Fig. 23 shows a failure process characterised by exfoliation by buckling, a long process highlighting the outstanding resistance of the material, while Fig. 24 shows a flat postelastic regime, characterized by large deformations. In rattan wood, failure may take different definitions so that it can be identified with the first load corresponding to visible local buckling of the fibers (I), with maximum curvature in the diagram (II), with the beginning of the plateau (III), with the peak (IV) in the curve, or, finally, (V) with the beginning of softening. Therefore, when failure is identified with the first appearance of local buckling of fibers, their strength in compression becomes lower than that in tension. It can be concluded that the behavior of rattan wood has several points in common with that of its derived material BA.

Bones are highly hierarchical composite materials so that their mechanical behavior is controlled by its two main constituents: cancellous bone (soft and deformable) and cortical bone (stiff and strong). Both of these materials are transversally isotropic [[65], [66], [67]], with stiffness and strength different in tension and in compression [[66], [67], [68]] (see also the study by Cuppone et al [69]). Overall, the mechanical behavior of bone is also affected by the amount of cancellous vs. cortical bone so that for flat, long, and irregular bones, the mechanical properties are unique and different from one another [67,[70], [71], [72]].

The Ashby charts expressed in terms of Young modulus vs. strength and Young modulus vs. porosity for BA, loaded parallel (BA$//$) and perpendicular (BA$\perp$) to the grain, for the rattan wood used to produce the BA (parallel to the grain) and bones (data from the aforementioned literature) are shown in Fig. 1.

The Ashby charts show that BA is occupying a region usually not covered by ceramics; moreover, the Young modulus is fully compatible with values typical of wood and bone (particularly flat bone). If, on the one hand, the strength of BA is lower than that of bone and wood, on the other hand, it is much higher than that of the HA usually used for bone replacement. These considerations, in addition to the fact that porosity and the hierarchical structure of BA are similar to those of wood and bone, suggest that BA is a ceramic with outstanding mechanical characteristics, particularly suited for bone replacement and biological applications.

5. Conclusions

BA, a ceramic obtained through a biomorphic transformation process from rattan wood, presents a nanostructure and microstructure that retains elements inherited from its parent material, the ligneous essence.
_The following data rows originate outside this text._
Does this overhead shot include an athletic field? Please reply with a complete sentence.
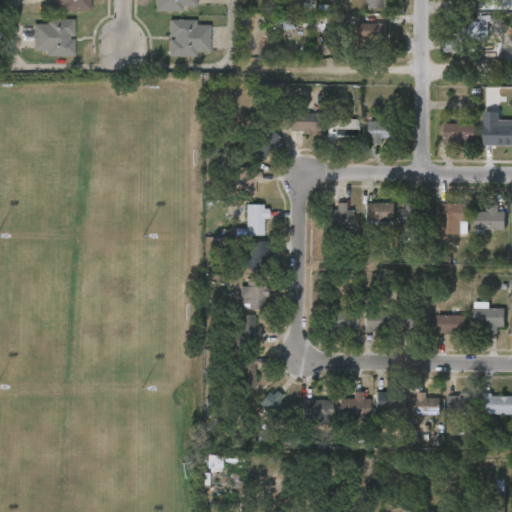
Yes, an athletic field can be made out from above.
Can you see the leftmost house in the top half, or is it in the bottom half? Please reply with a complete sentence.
It is in the top half that the leftmost house appears.
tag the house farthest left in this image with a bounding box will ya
[34,20,76,56]
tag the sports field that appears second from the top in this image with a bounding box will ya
[0,236,200,388]
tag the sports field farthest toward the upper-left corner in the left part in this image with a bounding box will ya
[0,80,200,236]
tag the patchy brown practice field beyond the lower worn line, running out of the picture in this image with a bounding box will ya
[0,388,200,512]
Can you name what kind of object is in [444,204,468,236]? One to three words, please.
house
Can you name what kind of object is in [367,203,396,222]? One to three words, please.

This structure has been shown to generate a lacunar fractal porosity, which yields the outstanding mechanical properties that we have measured for BA. In particular, BA shows a damage and defect tolerance, strength, and elastic stiffness superior to its competitor material, a porous sintered HA, but also to other biomorphic HAs obtained from different types of woods that are present in the literature [7,8,10]. Moreover, BA is transversely isotropic so that it can be effectively used in all the situations (for instance, bone replacement) where the ceramic piece is subjected to a load having a privileged direction. The fact that BA is produced without sintering and its superior mechanical performance suggest use of this material for several challenging biotechnologies.

Declaration of competing interest

The authors declare that they have no known competing financial interests or personal relationships that could have appeared to influence the work reported in this paper.